Given the number of people taking the field every year, someone is
bound to twist an ankle, break an arm or leg, or simply fall off a
log. It is essential that landowners feel comfortable that they will
be protected from liability if they allow public access for
recreation.
The
Act
In
1966, the Pennsylvania Legislature passed Act No. 586 of 1966, known
as the Recreation Use of Land and Water Act (RULWA). RULWA was aimed
at encouraging landowners to make their lands available to the public
for recreational use. RULWA promotes
this goal by limiting landowner liability for injuries that occur on
the land as a result of recreational activity.
Persons
Covered
Landowners
entitled to RULWA protection are owners, tenants, lessees, occupants
or persons in control of the land on which the public is recreating.
This would obviously include an individual, and the courts have
extended RULWA protection to the Commonwealth and political
subdivisions. Owners of easements such as utilities are also
protected if they exercise sufficient control over the land.
Activities
Covered
RULWA
defines recreational purposes to include, but not be limited to,
hunting, fishing, swimming, boating, camping, picnicking, hiking,
pleasure driving, nature study, water skiing, water sports, cave
exploration and viewing or enjoying historical archaeological, scenic
or scientific sites. Pennsylvania courts have also included
bicycling, snowmobiling and joy riding.
Land
Covered
RULWA
defines land to include roads, water,
watercourses, private ways and buildings, structures and machinery or
equipment. Courts have concluded that "buildings" and
"structures," mean "ancillary structures attached to
open space lands made available for recreation and not to enclosed
recreational facilities in urban regions." It is this character
of the land as “improved” or “unimproved” that is often
determinative of whether or not RULWA applies. Recent cases indicate
the courts look to many factors to determine whether RULWA applies.
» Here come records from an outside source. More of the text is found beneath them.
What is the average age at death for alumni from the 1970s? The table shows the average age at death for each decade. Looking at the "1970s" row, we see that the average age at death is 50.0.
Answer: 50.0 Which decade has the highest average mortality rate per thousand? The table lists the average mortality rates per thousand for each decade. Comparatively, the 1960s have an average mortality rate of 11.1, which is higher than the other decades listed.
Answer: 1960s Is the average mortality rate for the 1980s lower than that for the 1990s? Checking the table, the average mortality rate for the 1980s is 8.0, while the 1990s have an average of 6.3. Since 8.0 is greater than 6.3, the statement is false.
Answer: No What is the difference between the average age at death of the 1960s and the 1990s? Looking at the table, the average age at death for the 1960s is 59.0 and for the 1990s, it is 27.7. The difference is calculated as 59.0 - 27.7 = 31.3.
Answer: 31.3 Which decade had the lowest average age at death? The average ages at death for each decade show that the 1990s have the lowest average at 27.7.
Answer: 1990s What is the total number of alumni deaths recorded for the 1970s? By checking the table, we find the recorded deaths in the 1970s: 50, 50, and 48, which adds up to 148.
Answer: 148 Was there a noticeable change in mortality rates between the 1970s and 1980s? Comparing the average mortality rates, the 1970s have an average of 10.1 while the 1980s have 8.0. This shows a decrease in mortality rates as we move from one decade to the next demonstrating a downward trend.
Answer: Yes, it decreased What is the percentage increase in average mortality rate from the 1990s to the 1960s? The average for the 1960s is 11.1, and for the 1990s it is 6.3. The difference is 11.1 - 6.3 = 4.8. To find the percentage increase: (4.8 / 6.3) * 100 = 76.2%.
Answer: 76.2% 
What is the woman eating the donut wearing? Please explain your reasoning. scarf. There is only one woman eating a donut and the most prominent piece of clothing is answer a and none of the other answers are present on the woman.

These factors are use, size, location, openness and extent of
improvement, as well as whether the property has been devoted to
exclusive public recreation.
Exceptions
No
law would be complete if it did not include exceptions. RULWA
preserves landowner liability for "willful or malicious failure
to guard or warn against a dangerous condition, use, structure, or
activity." Someone
cannot ignore obvious dangers they know about (such as an open well)
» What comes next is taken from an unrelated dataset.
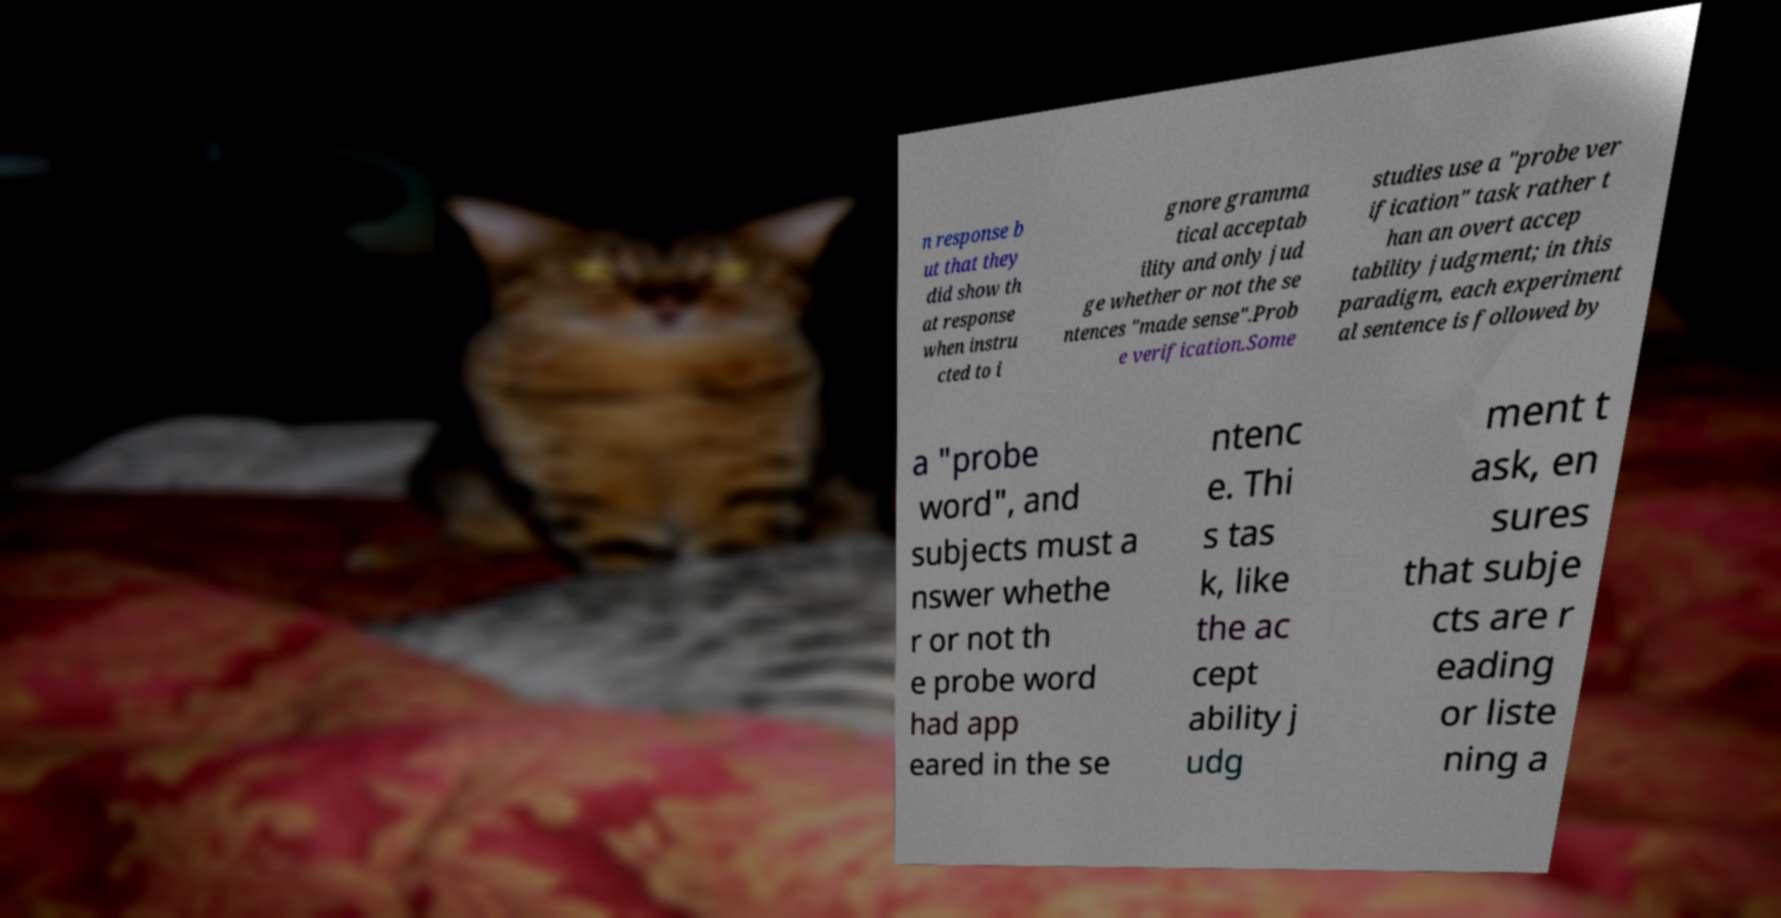Can you read and provide the text displayed in the image?This photo seems to have some interesting text. Can you extract and type it out for me? n response b ut that they did show th at response when instru cted to i gnore gramma tical acceptab ility and only jud ge whether or not the se ntences "made sense".Prob e verification.Some studies use a "probe ver ification" task rather t han an overt accep tability judgment; in this paradigm, each experiment al sentence is followed by a "probe word", and subjects must a nswer whethe r or not th e probe word had app eared in the se ntenc e. Thi s tas k, like the ac cept ability j udg ment t ask, en sures that subje cts are r eading or liste ning a 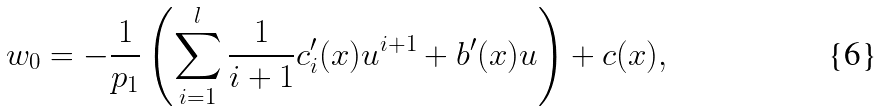<formula> <loc_0><loc_0><loc_500><loc_500>w _ { 0 } = - \frac { 1 } { p _ { 1 } } \left ( \sum _ { i = 1 } ^ { l } \frac { 1 } { i + 1 } c ^ { \prime } _ { i } ( x ) u ^ { i + 1 } + b ^ { \prime } ( x ) u \right ) + c ( x ) ,</formula>

on their property when allowing persons to recreate, but must take
some reasonable steps (such as signs) to warn persons of the hazard.
In
addition, RULWA does not apply where the landowner has charged the
plaintiff a fee or admission price to use the land. If
an owner leases his land to a hunting club, RULWA would not apply.
However, if an owner allows the public to use his land free of
charge, she does not lose the benefits of RULWA immunity simply
because the users may organize some event which incidentally involves
payment. It should be emphasized that no part of this payment can go
to the owner and that the payment must not be for recreational use of
the property, but rather would be incidental to the event. Bingo at
a church picnic would be fine. A “big buck” pool among a group
of hunters would not impact on RULWA. However, allowing “free”
use of premises but insisting on a “membership” would be
problematic and likely abrogate RULWA immunity.
If
you are thinking about allowing public recreation and wish to take
advantage of the Act’s protection, keep in mind the following:
- Don’t charge a fee.
- If you think it’s dangerous, post a warning (even if you are not sure whether it is obvious).
- If you build something, or change the natural landscape, do it safely, and maintain its safety.
These
common sense rules should allow a landowner the peace of mind to
allow hunting on their land.
THIS
IS INTENDED AS GENERAL INFORMATION AND NOT AS LEGAL ADVICE OR
INFORMATION REGARDING INSURANCE POLICIES. NO INFORMATION SHEET OF
THIS TYPE CAN ADEQUATELY ADDRESS EVERY INDIVIDUAL CIRCUMSTANCE. IF
YOU HAVE SPECIFIC QUESTIONS ABOUT YOUR INDIVIDUAL CIRCUMSTANCES,
PROPERTY, INSURANCE POLICY OR OTHER QUESTIONS YOU SHOULD CONSULT YOUR
OWN ATTORNEY OR CALL YOUR INSURANCE COMPANY.